Thanks smitty. The kind words mean a lot to me. As I now get closer and closer to a completed project, it really does look better and better. The flaws and design mistakes make it appear hand made and not mass produced. And the little imperfections in it just don't seem to stand out as much anymore. I know that when the next one comes along, I'll learn from the mistakes made on this one.

Feel free to contact me any time if you have questions, or even seek advice on the best way to go about building one. (Best advice I can give is start by building the outside octagon first, then build the inner one. By building the outside one first, you can mass cut everything at the proper 22.5 degree angle and then just throw together the middle piece. This will also allow for better removal of the playing surface and any imperfections in the cuts for the playing surface won't be seen due to the felt. I built mine the opposite way and it's harder to cover up mistakes on stained wood).


----------



## Jdurg (Sep 7, 2008)

Just wanted to say that the table is DONE!!!!! The last coat of poly was applied this morning and it is fully drying and curing as we speak. Later today I plan on getting a couple of final photos of the table and posting them here. Thanks for all the kind words and encouragement everybody. This thing looks great. There are certainly some issues such as the buttons not being anywhere close to evently spaced on the outside, a few gaps, some minor coloration problems, etc., but it makes it all look handmade which is great. I would have liked things to come out a bit smoother (would have taken me a few months to sand it down completely smooth, if that's even possible with the wood I used), and the angles made sanding almost impossible. So it's got a somewhat rough texture to it but I like it.

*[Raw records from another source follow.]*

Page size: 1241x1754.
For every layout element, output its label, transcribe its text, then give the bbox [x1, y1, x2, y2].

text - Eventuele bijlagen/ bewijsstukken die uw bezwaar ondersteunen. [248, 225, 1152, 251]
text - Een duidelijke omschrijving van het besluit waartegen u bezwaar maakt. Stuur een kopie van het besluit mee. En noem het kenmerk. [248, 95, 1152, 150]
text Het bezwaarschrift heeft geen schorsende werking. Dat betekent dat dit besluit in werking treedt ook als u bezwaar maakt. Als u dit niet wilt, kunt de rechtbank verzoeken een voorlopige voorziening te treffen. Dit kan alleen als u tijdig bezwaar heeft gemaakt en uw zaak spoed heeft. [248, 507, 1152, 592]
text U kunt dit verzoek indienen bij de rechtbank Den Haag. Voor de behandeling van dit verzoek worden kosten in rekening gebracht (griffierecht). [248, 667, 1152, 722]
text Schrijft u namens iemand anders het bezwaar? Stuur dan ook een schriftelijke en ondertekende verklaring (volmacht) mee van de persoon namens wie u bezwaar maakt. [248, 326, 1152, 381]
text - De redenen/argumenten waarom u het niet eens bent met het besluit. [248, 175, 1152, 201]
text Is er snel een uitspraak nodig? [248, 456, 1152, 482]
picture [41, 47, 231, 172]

Photos to come later today. (Currently have a plumber at the house since I had a bit of an unfortunate incident with my shower. The valve assembly was leaking, and when it was being removed the entire thing went to hell. Add to that the fact that the access to the plumbing is not very easy at all and I'll have myself a $700 bill to deal with. I guess I better start making good use of my poker table!)


----------



## Jdurg (Sep 7, 2008)

Okay, as promised here at the photos from the finished table. I have to say that the camera plays weird tricks, because there are some areas where it seems like the poly didn't apply all the way, but when I went and re-checked those areas, they are perfectly glossy. Weird. 

Anyway, I'm very happy that this is done and the first game on the completed table will be this Monday. In the end, it turned out to be maybe an inch too high, but I think the folding chairs I have on it are just too short. (I expected 17" chairs and these are 16"). Over time, the chairs will be replaced with wooden chairs (Well, at least one for MY seat. :smile: ) Until then, I can always put something under the feet of the chairs to raise them up if need be, but for now it's only annoying to me.

So the photos below show a close-up of the chip wells, a shot from the side, a shot from the top, and another shot from the top. For someone who had NEVER done woodworking before, I think this is a good start. In a few weeks, I'll probably start on my next project which will be a simpler, fancy oak box.


----------



## Kenbo (Sep 16, 2008)

All that I can say is that for someone who had so much frustration with this project, it turned out FANATASIC. I'd be proud to have it in my home!! Great job.
Ken
:thumbsup:


----------



## Jdurg (Sep 7, 2008)

Kenbo said:


> All that I can say is that for someone who had so much frustration with this project, it turned out FANATASIC. I'd be proud to have it in my home!! Great job.
> Ken
> :thumbsup:


Thanks. :smile: All that blood, sweat, and tears has turned out to be a great looking table. (Well, minus the blood. I actually not once cut myself while working on this which is AMAZING considering my lack of experience with nearly all of the tools I used). I can't wait to show it off to my poker buddies tomorrow when I host the first game on the finished table. (The only saw it after the base was built and the chip well bottoms were on. They've never seen it with the cup holders and external trim on there, nor with a stained, polyd finish).


----------



## dbhost (Jan 28, 2008)

Man that is one sweet looking poker table. Is that your own design, or did you build a copy of the poker table from New Yankee Workshop? I would be proud to set up at that table and fleece my friends at poker yet again... Uh I mean play a few hands, yeah, that's it....


----------



## Jdurg (Sep 7, 2008)

Thanks! I actually did a search online for octagonal poker tables, and the chipwells and corner cup holders I found were typically of this style, so that is what I went with. For the base, I wanted something to kind of mirror the octagon of the table-top so I made that octagonal and just put the trim and legs on there to liven up the previously bare wood. To be honest, I've never seen Norm's table! I've been dying to catch that episode, but the damn PBS station around here keeps pre-empting it for some European singer dude who just whines incessantly. I guess the elderly folk who give up their money like him or something. Heh.

The coloring of the stain was chosen to compliment the wood floors. The wood floors are a VERY dark color so the medium tone of the Vermont Maple Minwax stain looked to be the best match. I'm happy that it is because I bought the can of stain without picking up a variety to choose from. So the basic design was taken from some tables I've seen online, but the little details were something out of my imagination.


----------



## smitty1967 (Feb 24, 2008)

Jdurg: 

Man, I can't stop looking at your table! You did an outstanding job. 

I'm at the point now where I need to ask you some questions....

How did you decide on the dimensions for each player's chip basin?
What are the overall dimenions of the table?
How did you adhere the felt?
How did you join the table carcass to the pedastal?

If you like, you can PM me here or email me at < [email protected] > and we can chat further without mucking up the thread of your fine project. 

Yeah, in case you haven't guessed, a poker table is on my list. I think I'll start with the pedastal....

smitty


----------